This notebook introduces you to TensorFlow concepts. In most cases, you won't need to worry about low-level operations like we illustrate here, but it's good foundational knowledge for you to have. As you'll see in the following notebooks, TensorFlow provides higher level APIs that enable you to quickly write and experiment with Neural Networks. But first things first. Read on to learn the basics, and try the exercise at the end.

Warm-Up

Review: TensorFlow's Computational Model

TensorFlow uses directed graphs to describe computations. Understanding how this computational model works (and how to write graphs that do what you want) requires a slight change in thinking from normal programming.

To help you form a correct mental model, let's walk through a simple example that performs the equivalent of the following Python code, but in TensorFlow:

x = 1.0
x = x + 1.5

Defining a Graph is Like Creating a Blueprint

The first thing to keep in mind when writing TensorFlow code is that most of your code serves to define the computational graph, which you can think of as a kind of blueprint. As a blueprint, the graph can't do anything -- it isn't until you run ops in the graph (within the context of a Session) that it can actually do work. This will become clearer as we step through this example.

To get things started, we'll import TensorFlow and create the Graph object that will hold variables and operations:

import tensorflow as tf

with tf.Graph().as_default():
  # Our TensorFlow code

Here, the as_default() function simply says that all subsequent Variables and operations should be added to the graph created with the tf.Graph() call.

Next, let's create a constant:

c = tf.constant(1.5)

When Python executes this line of code, it starts defining the blueprint for our graph:

Next, let's create a Variable:

x = tf.Variable(1.0, name="x")

Executing this line creates a slot for a Variable in the graph:

Actually, as you can see, this single line of code creates three things in the graph:

  1. A node for the Variable.
  2. Another constant.
  3. An assign op.

When Python executes the code x = tf.Variable(1.0, name="x"), the Variable is declared, but has not been allocated or initialized.
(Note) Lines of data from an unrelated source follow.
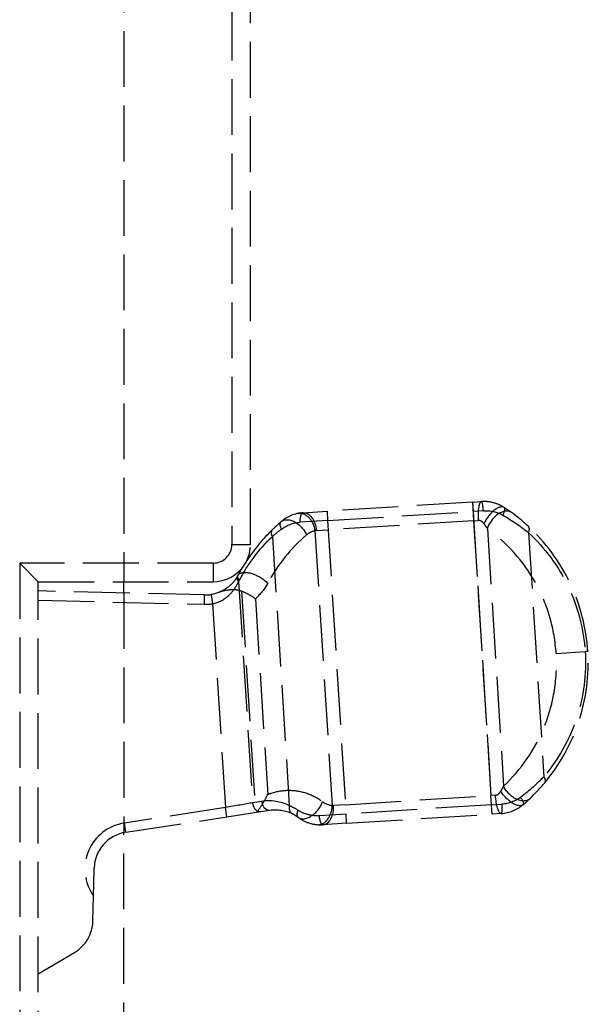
# Model space of a CAD drawing. Header units: millimetres. Extents: x -146 to 146, y 0 to 255.
# Tile 4 of 12: x -40 to -24, y 26 to 53. Entities that reach past the tile are written whole.
import ezdxf

# ---------------------------------------------------------------- set-up
doc = ezdxf.new("R2010")
doc.units = ezdxf.units.MM
doc.header["$LTSCALE"] = 10
doc.linetypes.add('ALLCAD_Strich', pattern=[0.2, 0.15, -0.05])
doc.layers.add('BESCH_KONT_sich_schn_grun_2d', color=10, linetype='Continuous')

msp = doc.modelspace()

# ---------------------------------------------------------------- linework, layer by layer
at = {"layer": 'BESCH_KONT_sich_schn_grun_2d', "linetype": 'ALLCAD_Strich'}
for p, q in [((-36.8, 234.589), (-36.8, 37.8)), ((-33.9, 151.3), (-33.9, 38.8)), ((-33.4, 38.8), (-33.4, 151.3)), ((-27.439, 39.937), (-31.344, 39.691)), ((-27.439, 39.937), (-27.194, 39.952)), ((-27.439, 39.937), (-27.423, 39.687)), ((-27.437, 39.937), (-27.406, 39.438)), ((-31.989, 39.651), (-31.344, 39.691)), ((-31.344, 39.691), (-31.328, 39.442)), ((-31.328, 39.442), (-27.423, 39.687)), ((-27.144, 39.705), (-27.423, 39.687)), ((-27.423, 39.687), (-26.927, 31.806)), ((-31.328, 39.442), (-32.062, 39.395)), ((-31.328, 39.442), (-30.833, 31.56)), ((-27.406, 39.438), (-31.313, 39.192)), ((-27.406, 39.438), (-27.284, 39.446)), ((-27.406, 39.438), (-26.941, 32.056)), ((-31.669, 39.165), (-31.205, 31.793)), ((-31.635, 39.172), (-31.313, 39.192)), ((-27.038, 39.232), (-26.603, 32.306)), ((-32.813, 39.015), (-32.358, 31.784)), ((-25.931, 39.114), (-25.519, 32.561)), ((-33.9, 38.8), (-33.4, 38.8)), ((-39.601, 38.3), (-39.101, 37.8)), ((-34.4, 38.3), (-39.601, 38.3)), ((-39.601, 38.3), (-39.601, 8.771)), ((-34.4, 38.3), (-34.4, 37.8)), ((-39.101, 8.771), (-39.101, 37.8)), ((-39.101, 37.8), (-34.4, 37.8)), ((-36.8, 37.495), (-36.8, 37.8)), ((-33.72, 37.804), (-33.346, 31.86)), ((-34.643, 37.442), (-39.101, 37.551)), ((-39.101, 37.301), (-34.649, 37.192)), ((-36.8, 37.495), (-36.8, 31.059)), ((-34.643, 37.442), (-34.649, 37.192)), ((-34.459, 37.454), (-34.42, 37.208)), ((-33.639, 37.542), (-33.265, 31.603)), ((-33.268, 37.34), (-32.937, 32.085)), ((-34.42, 37.208), (-34.075, 31.731)), ((-25.189, 35.872), (-24.411, 35.921)), ((-24.338, 35.925), (-24.411, 35.921)), ((-30.848, 31.81), (-26.941, 32.056)), ((-26.82, 32.063), (-26.941, 32.056)), ((-26.91, 31.557), (-26.941, 32.056)), ((-33.1, 31.897), (-33.346, 31.86)), ((-30.848, 31.81), (-31.168, 31.79)), ((-26.927, 31.806), (-30.833, 31.56)), ((-26.927, 31.806), (-26.649, 31.824)), ((-26.912, 31.557), (-26.927, 31.806)), ((-34.075, 31.731), (-36.786, 31.316)), ((-36.748, 31.068), (-34.037, 31.484)), ((-34.037, 31.484), (-34.075, 31.731)), ((-34.037, 31.484), (-33.125, 31.624)), ((-33.125, 31.624), (-32.879, 31.662)), ((-31.56, 31.515), (-30.833, 31.56)), ((-30.817, 31.311), (-30.833, 31.56)), ((-30.817, 31.311), (-26.912, 31.557)), ((-26.667, 31.572), (-26.912, 31.557)), ((-36.748, 31.068), (-36.786, 31.316)), ((-30.817, 31.311), (-31.456, 31.271)), ((-36.8, 1), (-36.8, 31.059)), ((-37.599, 30.082), (-37.599, 30.109)), ((-37.636, 28.677), (-37.618, 29.36)), ((-39.101, 27.269), (-38.128, 27.842))]:
    msp.add_line(p, q, dxfattribs=at)
for centre, radius, start, end in [((-34.4, 38.8), 1, 270, 0), ((-34.4, 38.8), 0.5, 270, 0), ((-34.618, 38.442), 1, 268.601, 279.1415), ((-34.618, 38.442), 1.25, 268.601, 279.1415), ((-36.602, 30.082), 1.247, 98.4604, 215.4222), ((-36.602, 30.082), 0.997, 98.3951, 178.5003), ((-38.636, 28.704), 1, 300.5055, 358.5003)]:
    msp.add_arc(centre, radius, start, end, dxfattribs=at)
for centre, major_axis, ratio, start_param, end_param in [((-27.163, 39.453), (-0.031, 0.499), 0.243408, 0, 1.570796), ((-27.178, 39.703), (-0.016, 0.25), 0.135973, -1.570796, 0), ((-26.857, 39.372), (0.275, 0.418), 0.459925, 0, 1.903378), ((-26.685, 39.254), (0.294, 0.405), 0.610589, 0, 2.037913), ((-26.719, 39.581), (0.137, 0.209), 0.316875, -1.337164, 0), ((-30.226, 36.289), (2.656, 3.52), 0.878759, 1.3939, 1.640292), ((-31.662, 38.861), (0.346, 0.173), 0.755427, 1.230211, 1.888637), ((-26.108, 39.103), (0.169, 0.184), 0.568566, -1.034409, 0), ((-29.737, 36.25), (2.5, 3.107), 0.881859, 1.360219, 1.781304), ((-30.8, 34.667), (0.329, -5.227), 0.695967, -2.348122, -2.297775), ((-34.529, 38.278), (0.527, 0.946), 0.866224, -1.590188, -1.551405), ((-33.162, 31.871), (0.038, -0.247), 0.734303, -1.636504, 0), ((-32.871, 30.915), (1.111, -0.17), 0.884616, 1.230102, 1.911643), ((-32.917, 31.909), (0.038, -0.247), 0.734303, -1.636504, 0), ((-32.174, 31.796), (-0.11, -0.224), 0.686197, -1.197645, 0), ((-31.82, 31.87), (-0.301, -0.399), 0.613028, 0, 2.055357), ((-31.562, 31.771), (-0.044, -0.498), 0.711014, 0, 1.67843), ((-31.14, 32.348), (0.201, 0.524), 0.94283, -3.405862, -2.878701), ((-31.487, 31.77), (0.031, -0.499), 0.639894, 0, 1.570796), ((-31.97, 31.67), (-0.151, -0.2), 0.52109, -1.150046, 0), ((-31.471, 31.52), (0.016, -0.25), 0.355497, -1.570796, 0)]:
    msp.add_ellipse(centre, major_axis=major_axis, ratio=ratio, start_param=start_param, end_param=end_param, dxfattribs=at)
at = {"layer": 'BESCH_KONT_sich_schn_grun_2d', "linetype": 'ALLCAD_Strich', "extrusion": (0, 0, -1)}
for centre, major_axis, ratio, start_param, end_param in [((-32.413, 39.223), (-0.162, 0.19), 0.523176, -1.196413, 0), ((-32.251, 39.033), (-0.325, 0.38), 0.633062, 0, 2.014604), ((-32.026, 39.142), (-0.1, 0.49), 0.711621, 0, 1.670004), ((-31.973, 39.401), (-0.016, 0.25), 0.358752, -1.570796, 0), ((-31.957, 39.152), (-0.031, 0.499), 0.645754, 0, 1.570796), ((-32.629, 39.026), (-0.174, 0.18), 0.637164, -1.073453, 0), ((-30.37, 36.248), (-2.522, -3.34), 0.877883, -4.889109, -4.53563), ((-33.536, 37.815), (-0.216, 0.125), 0.515858, -0.911922, 0), ((-33.516, 37.852), (-0.22, 0.118), 0.496162, -0.894919, 0), ((-34.4, 38.32), (-0.421, -0.757), 0.86622, -1.590188, -1.551405), ((-33.296, 37.734), (-0.441, 0.236), 0.473887, 0, 2.224374), ((-33.964, 38.227), (-0.81, -1.016), 0.861429, -1.781523, -1.370053), ((-25.695, 32.55), (0.191, -0.161), 0.568566, -1.034409, 0), ((-26.25, 32.329), (0.342, -0.365), 0.610589, 0, 2.037913), ((-26.698, 32.071), (0.031, -0.499), 0.243408, 0, 1.570796), ((-26.405, 32.19), (0.325, -0.38), 0.459925, 0, 1.903378), ((-26.242, 32), (0.162, -0.19), 0.316875, -1.337164, 0), ((-26.682, 31.821), (0.016, -0.25), 0.135973, -1.570796, 0), ((-32.694, 30.878), (-0.888, 0.136), 0.882402, 1.228963, 1.911989)]:
    msp.add_ellipse(centre, major_axis=major_axis, ratio=ratio, start_param=start_param, end_param=end_param, dxfattribs=at)
at = {"layer": 'BESCH_KONT_sich_schn_grun_2d', "linetype": 'ALLCAD_Strich'}
for points in [[(-27.131, 39.954), (-27.152, 39.954), (-27.173, 39.954), (-27.194, 39.952)], [(-27.144, 39.705), (-26.958, 39.717), (-26.777, 39.675), (-26.623, 39.587)], [(-25.938, 39.287), (-26.126, 39.46), (-26.339, 39.63), (-26.582, 39.79)], [(-32.575, 39.413), (-32.657, 39.343), (-32.733, 39.274), (-32.803, 39.206)], [(-31.989, 39.651), (-32.212, 39.637), (-32.415, 39.55), (-32.575, 39.413)], [(-26.623, 39.587), (-26.361, 39.437), (-26.132, 39.277), (-25.931, 39.114)], [(-32.813, 39.015), (-32.737, 39.08), (-32.654, 39.146), (-32.565, 39.213)], [(-32.565, 39.213), (-32.426, 39.318), (-32.255, 39.383), (-32.062, 39.395)], [(-31.635, 39.172), (-31.647, 39.171), (-31.659, 39.169), (-31.669, 39.165)], [(-27.038, 39.232), (-27.066, 39.272), (-27.096, 39.313), (-27.128, 39.355)], [(-25.519, 32.561), (-25.698, 32.375), (-25.905, 32.188), (-26.146, 32.006)], [(-26.676, 32.173), (-26.65, 32.218), (-26.625, 32.263), (-26.603, 32.306)], [(-26.08, 31.81), (-25.859, 31.999), (-25.669, 32.194), (-25.504, 32.389)], [(-26.146, 32.006), (-26.288, 31.899), (-26.462, 31.835), (-26.649, 31.824)], [(-33.346, 31.86), (-33.526, 31.828), (-33.81, 31.778), (-34.075, 31.731)], [(-32.127, 31.66), (-32.206, 31.712), (-32.284, 31.752), (-32.358, 31.784)], [(-31.205, 31.793), (-31.194, 31.79), (-31.181, 31.789), (-31.168, 31.79)], [(-26.667, 31.572), (-26.447, 31.586), (-26.243, 31.671), (-26.08, 31.81)], [(-32.284, 31.571), (-32.232, 31.546), (-32.177, 31.513), (-32.121, 31.471)], [(-37.618, 29.36), (-37.612, 29.603), (-37.605, 29.862), (-37.599, 30.082)]]:
    msp.add_open_spline(points, degree=3, dxfattribs=at)
for points, knots in [([(-26.582, 39.79), (-26.663, 39.843), (-26.75, 39.884), (-26.843, 39.912), (-26.936, 39.94), (-27.033, 39.954), (-27.131, 39.954)], [0, 0, 0, 0, 0.0002951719, 0.0002951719, 0.0002951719, 0.0005903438, 0.0005903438, 0.0005903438, 0.0005903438]), ([(-27.128, 39.355), (-27.147, 39.38), (-27.168, 39.402), (-27.221, 39.437), (-27.251, 39.448), (-27.284, 39.446)], [0, 0, 0, 0, 0.0000986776, 0.0000986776, 0.0001973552, 0.0001973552, 0.0001973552, 0.0001973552]), ([(-25.189, 35.872), (-25.21, 36.194), (-25.266, 36.523), (-25.359, 36.845), (-25.451, 37.16), (-25.578, 37.468), (-25.738, 37.758), (-26.062, 38.346), (-26.521, 38.856), (-27.038, 39.232)], [0, 0, 0, 0, 0.2227044, 0.2227044, 0.2227044, 0.440132, 0.440132, 0.440132, 0.8804037, 0.8804037, 0.8804037, 0.8804037]), ([(-24.338, 35.925), (-24.377, 36.545), (-24.537, 37.18), (-24.813, 37.761), (-25.09, 38.342), (-25.482, 38.866), (-25.938, 39.287)], [0, 0, 0, 0, 0.3815148, 0.3815148, 0.3815148, 0.7630789, 0.7630789, 0.7630789, 0.7630789]), ([(-25.931, 39.114), (-25.498, 38.715), (-25.125, 38.216), (-24.863, 37.664), (-24.6, 37.112), (-24.448, 36.509), (-24.411, 35.921)], [5.5201064, 5.5201064, 5.5201064, 5.5201064, 5.9016723, 5.9016723, 5.9016723, 6.2831853, 6.2831853, 6.2831853, 6.2831853]), ([(-33.753, 37.941), (-33.769, 37.912), (-33.787, 37.884), (-33.807, 37.857), (-33.826, 37.83), (-33.847, 37.804), (-33.87, 37.778), (-33.915, 37.728), (-33.967, 37.679), (-34.026, 37.636), (-34.029, 37.634), (-34.031, 37.632), (-34.034, 37.63), (-34.15, 37.546), (-34.298, 37.48), (-34.459, 37.454)], [0, 0, 0, 0, 0.0001233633, 0.0001233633, 0.0001233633, 0.0002467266, 0.0002467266, 0.0002467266, 0.0004934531, 0.0004934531, 0.0004934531, 0.0005044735, 0.0005044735, 0.0005044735, 0.0009869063, 0.0009869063, 0.0009869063, 0.0009869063]), ([(-34.42, 37.208), (-34.251, 37.239), (-34.101, 37.324), (-33.927, 37.485), (-33.876, 37.544), (-33.788, 37.669), (-33.751, 37.735), (-33.72, 37.804)], [0, 0, 0, 0, 0.000506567, 0.000506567, 0.00075985, 0.00075985, 0.001013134, 0.001013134, 0.001013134, 0.001013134]), ([(-33.639, 37.542), (-33.69, 37.562), (-33.745, 37.573), (-33.852, 37.583), (-33.905, 37.582), (-34.063, 37.567), (-34.171, 37.541), (-34.271, 37.504)], [0.00001209, 0.00001209, 0.00001209, 0.00001209, 0.016446, 0.016446, 0.03220922, 0.03220922, 0.06391096, 0.06391096, 0.06391096, 0.06391096]), ([(-33.268, 37.34), (-33.269, 37.341), (-33.27, 37.341), (-33.318, 37.377), (-33.375, 37.413), (-33.5, 37.482), (-33.568, 37.515), (-33.639, 37.542)], [-0.00035948, -0.00035948, -0.00035948, -0.00035948, 0, 0, 0.0225868, 0.0225868, 0.04546235, 0.04546235, 0.04546235, 0.04546235]), ([(-26.603, 32.306), (-26.136, 32.744), (-25.744, 33.307), (-25.497, 33.931), (-25.375, 34.239), (-25.287, 34.561), (-25.236, 34.884), (-25.184, 35.216), (-25.169, 35.549), (-25.189, 35.872)], [5.4027816, 5.4027816, 5.4027816, 5.4027816, 5.8430533, 5.8430533, 5.8430533, 6.0604809, 6.0604809, 6.0604809, 6.2831853, 6.2831853, 6.2831853, 6.2831853]), ([(-24.411, 35.921), (-24.374, 35.332), (-24.449, 34.715), (-24.64, 34.134), (-24.832, 33.553), (-25.139, 33.012), (-25.519, 32.561)], [0, 0, 0, 0, 0.381513, 0.381513, 0.381513, 0.7630789, 0.7630789, 0.7630789, 0.7630789]), ([(-25.504, 32.389), (-25.104, 32.864), (-24.781, 33.433), (-24.579, 34.045), (-24.378, 34.656), (-24.299, 35.306), (-24.338, 35.925)], [5.5201064, 5.5201064, 5.5201064, 5.5201064, 5.9016705, 5.9016705, 5.9016705, 6.2831853, 6.2831853, 6.2831853, 6.2831853]), ([(-33.229, 31.608), (-33.171, 31.685), (-33.116, 31.765), (-33.02, 31.924), (-32.976, 32.004), (-32.939, 32.082), (-32.938, 32.084), (-32.937, 32.085)], [0.00000101, 0.00000101, 0.00000101, 0.00000101, 0.02882529, 0.02882529, 0.05736786, 0.05736786, 0.05781151, 0.05781151, 0.05781151, 0.05781151]), ([(-32.937, 32.085), (-32.904, 32.098), (-32.87, 32.111), (-32.834, 32.122), (-32.686, 32.171), (-32.524, 32.197), (-32.36, 32.196), (-32.2, 32.195), (-32.038, 32.168), (-31.887, 32.116), (-31.731, 32.064), (-31.587, 31.986), (-31.463, 31.892)], [1.246711, 1.246711, 1.246711, 1.246711, 1.32224, 1.32224, 1.32224, 1.642371, 1.642371, 1.642371, 1.956457, 1.956457, 1.956457, 2.280333, 2.280333, 2.280333, 2.280333]), ([(-26.82, 32.063), (-26.787, 32.065), (-26.758, 32.08), (-26.71, 32.121), (-26.692, 32.146), (-26.676, 32.173)], [0, 0, 0, 0, 0.0001006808, 0.0001006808, 0.0002013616, 0.0002013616, 0.0002013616, 0.0002013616]), ([(-31.56, 31.515), (-31.666, 31.508), (-31.769, 31.519), (-31.96, 31.569), (-32.047, 31.608), (-32.127, 31.66)], [0, 0, 0, 0, 0.0003391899, 0.0003391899, 0.0006783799, 0.0006783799, 0.0006783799, 0.0006783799]), ([(-32.121, 31.471), (-32.028, 31.4), (-31.926, 31.348), (-31.699, 31.278), (-31.579, 31.263), (-31.456, 31.271)], [0, 0, 0, 0, 0.0003791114, 0.0003791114, 0.0007582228, 0.0007582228, 0.0007582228, 0.0007582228])]:
    msp.add_open_spline(points, degree=3, knots=knots, dxfattribs=at)

doc.saveas('drawing.dxf')

The Variable is also assigned the name we passed in. As you can see in the figure, TensorFlow takes the name and appends ":0" to it to get "x:0" as the final Tensor's name.

It can help to understand how objects are named in TensorFlow. Each operation is given a unique name. In the case of the node for the Variable, we've created an operation of type VariableOp that is named "x" that produces a Tensor. This tensor is a writable reference type (tf.float32_ref) named "x:0".

  • Tensors are named after the operation and are sequentially numbered. A VariableOp always has one output, so the Tensor is named "x:0". Some operations, such as tf.split produce multiple outputs. For example, tf.split(0, 2, input, name='x') would produce two output Tensors named "x:0" and "x:1".

  • If an operation is assigned a name that already exists in the graph, then TensorFlow ensures uniqueness by appending an underscore and number. For example, declaring a second Variable named "x" would yield a name of "x_1:0".

The Python variable x contains a reference to that node, but at this point, you cannot access the value of the Variable in TensorFlow (because it hasn't been instantiated, yet). The addition of the constant and assign op lays the groundwork for initializing the Variable.

The reference returned by assign allows you to access the new value of the Variable. Note that this returned reference must be run to trigger the assign op to run. In this case, the assign op will be automatically run for us when we run the tf.global_variables_initializer() op later.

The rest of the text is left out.